- Data shown

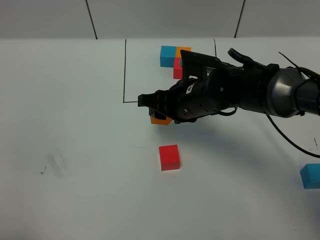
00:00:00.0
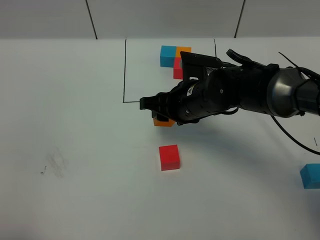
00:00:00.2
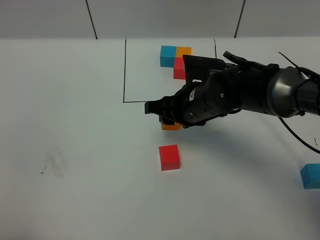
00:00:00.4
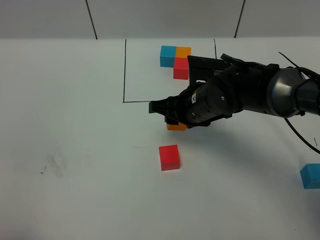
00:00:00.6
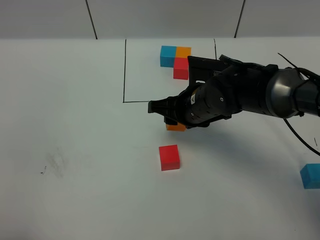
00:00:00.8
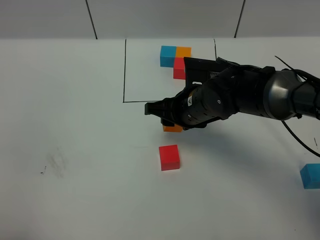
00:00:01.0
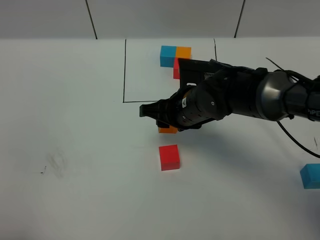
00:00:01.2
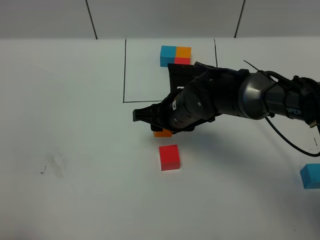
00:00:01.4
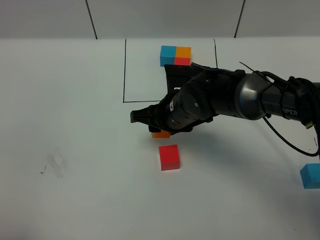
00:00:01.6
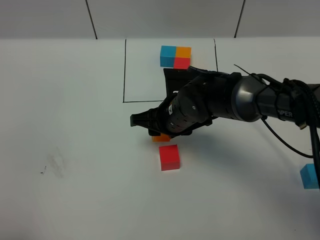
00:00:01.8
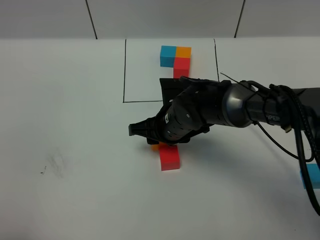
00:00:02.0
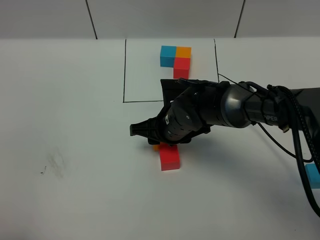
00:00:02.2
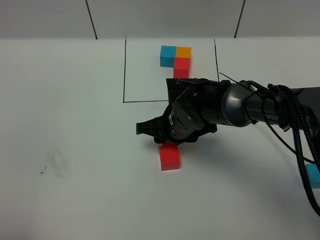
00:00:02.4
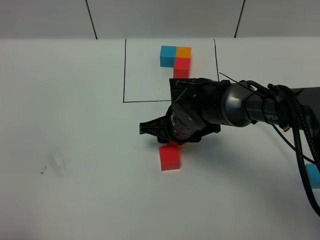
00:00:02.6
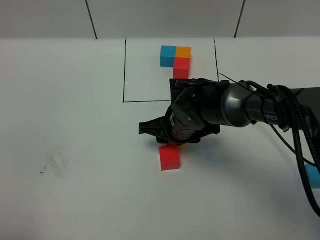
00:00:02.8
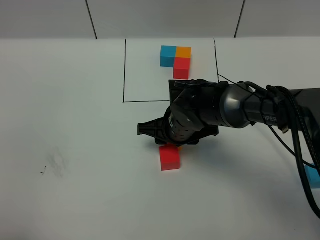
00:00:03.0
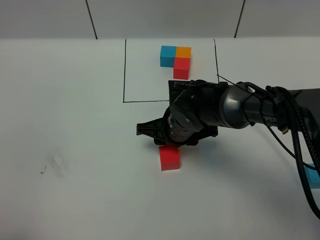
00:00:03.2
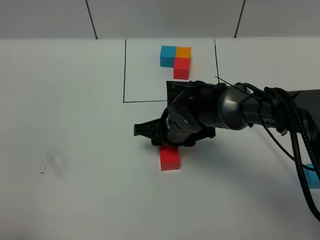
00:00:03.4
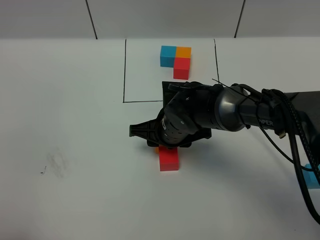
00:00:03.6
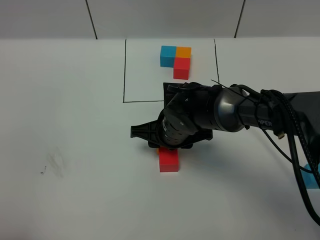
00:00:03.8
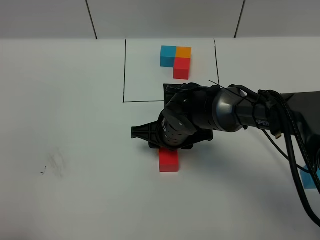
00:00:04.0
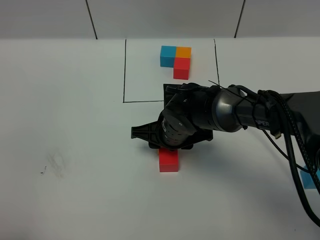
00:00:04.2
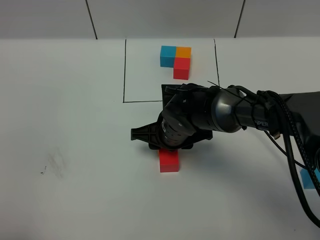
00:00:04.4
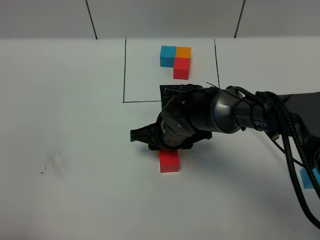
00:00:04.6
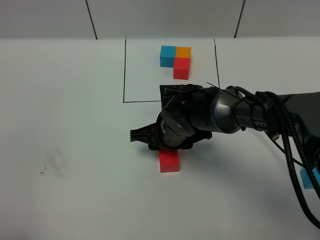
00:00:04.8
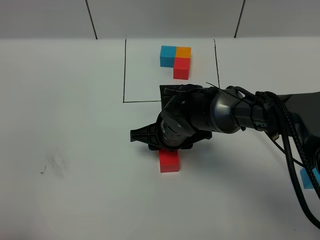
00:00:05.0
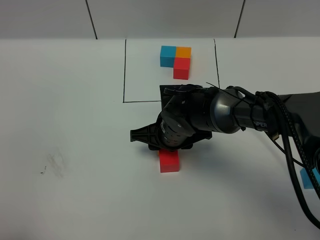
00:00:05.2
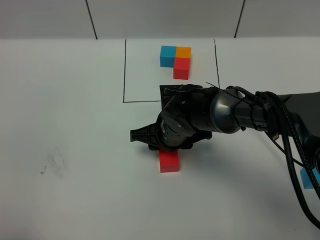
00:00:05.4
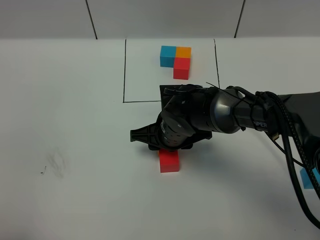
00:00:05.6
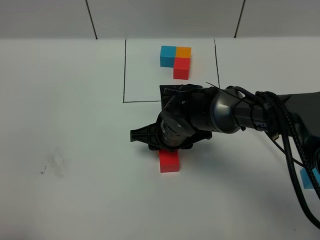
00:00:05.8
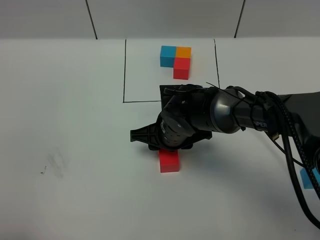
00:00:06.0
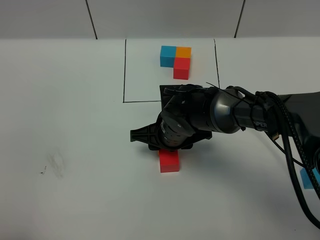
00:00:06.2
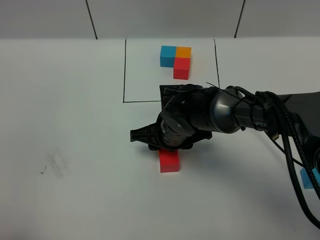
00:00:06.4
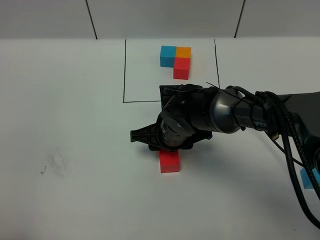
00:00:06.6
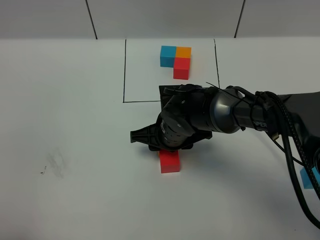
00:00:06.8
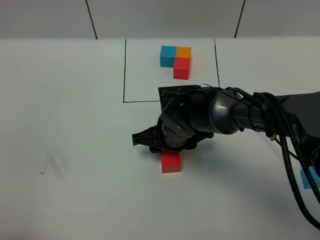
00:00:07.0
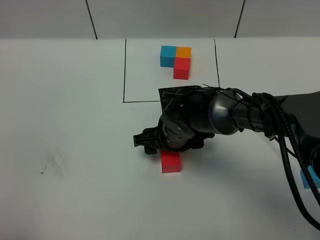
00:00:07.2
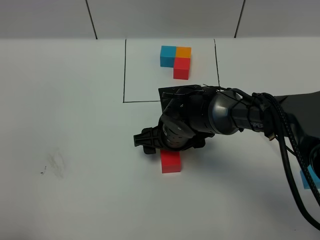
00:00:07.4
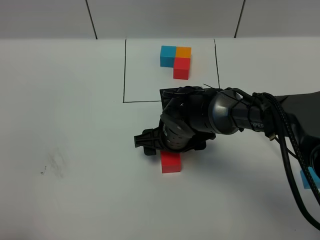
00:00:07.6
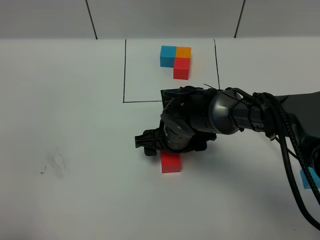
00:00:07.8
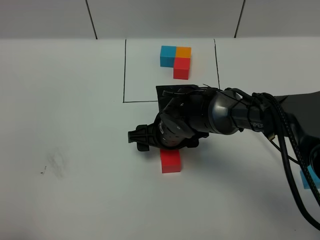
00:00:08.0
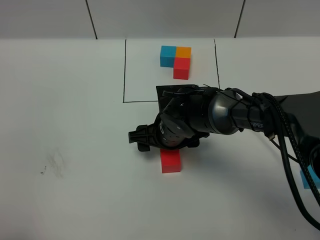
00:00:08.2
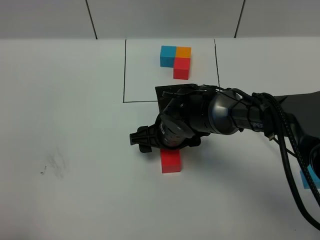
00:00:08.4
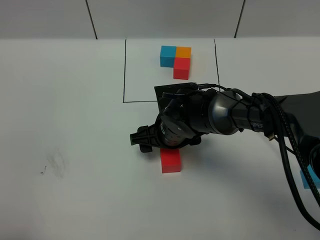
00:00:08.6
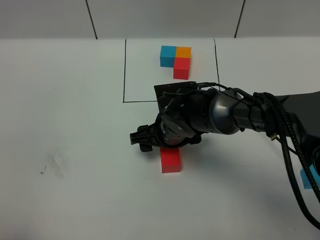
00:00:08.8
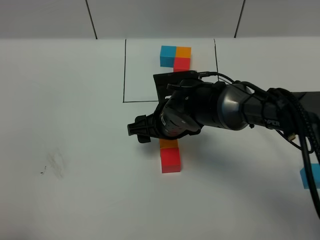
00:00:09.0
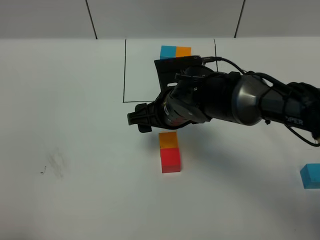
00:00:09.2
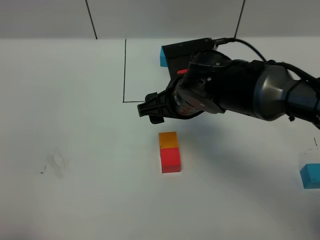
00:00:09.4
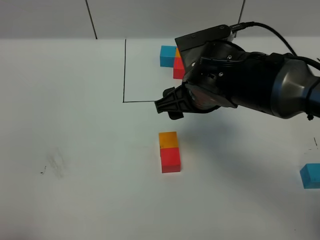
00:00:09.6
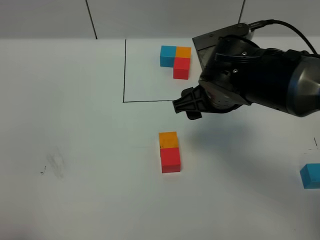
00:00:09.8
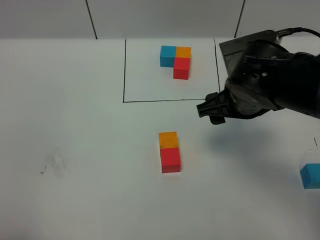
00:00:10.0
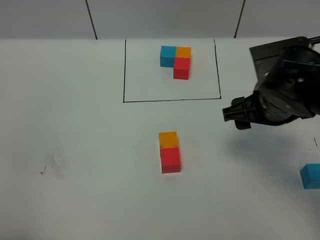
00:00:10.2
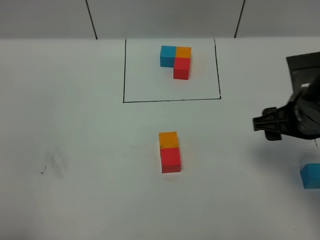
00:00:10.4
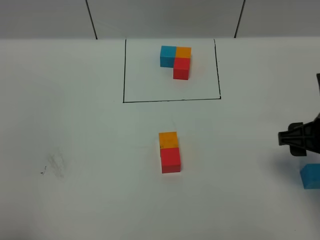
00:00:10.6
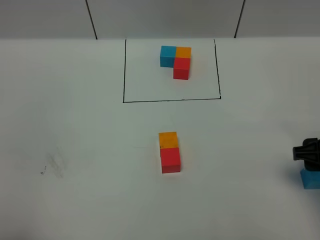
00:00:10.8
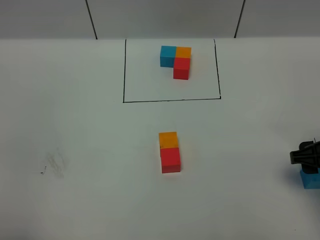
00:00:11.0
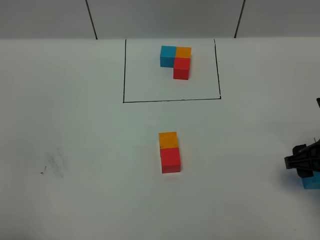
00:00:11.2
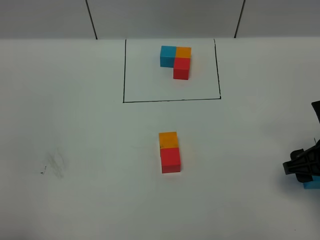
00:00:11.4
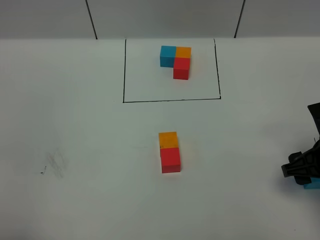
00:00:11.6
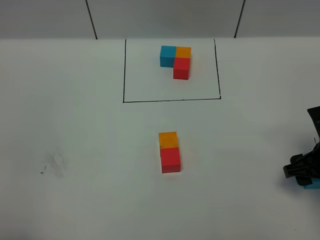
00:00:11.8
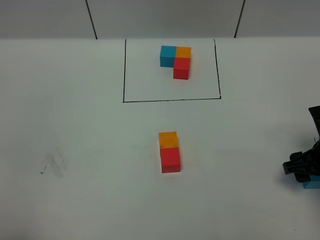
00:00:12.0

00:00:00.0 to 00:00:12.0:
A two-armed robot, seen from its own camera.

- What you are asked to do
For the material above, repeat each line exactly and leave out the pictures.

- Answer section
00:00:00.0
00:00:00.2
00:00:00.4
00:00:00.6
00:00:00.8
00:00:01.0
00:00:01.2
00:00:01.4
00:00:01.6
00:00:01.8
00:00:02.0
00:00:02.2
00:00:02.4
00:00:02.6
00:00:02.8
00:00:03.0
00:00:03.2
00:00:03.4
00:00:03.6
00:00:03.8
00:00:04.0
00:00:04.2
00:00:04.4
00:00:04.6
00:00:04.8
00:00:05.0
00:00:05.2
00:00:05.4
00:00:05.6
00:00:05.8
00:00:06.0
00:00:06.2
00:00:06.4
00:00:06.6
00:00:06.8
00:00:07.0
00:00:07.2
00:00:07.4
00:00:07.6
00:00:07.8
00:00:08.0
00:00:08.2
00:00:08.4
00:00:08.6
00:00:08.8
00:00:09.0
00:00:09.2
00:00:09.4
00:00:09.6
00:00:09.8
00:00:10.0
00:00:10.2
00:00:10.4
00:00:10.6
00:00:10.8
00:00:11.0
00:00:11.2
00:00:11.4
00:00:11.6
00:00:11.8
00:00:12.0

00:00:00.0 to 00:00:12.0:
A two-armed robot, seen from its own camera.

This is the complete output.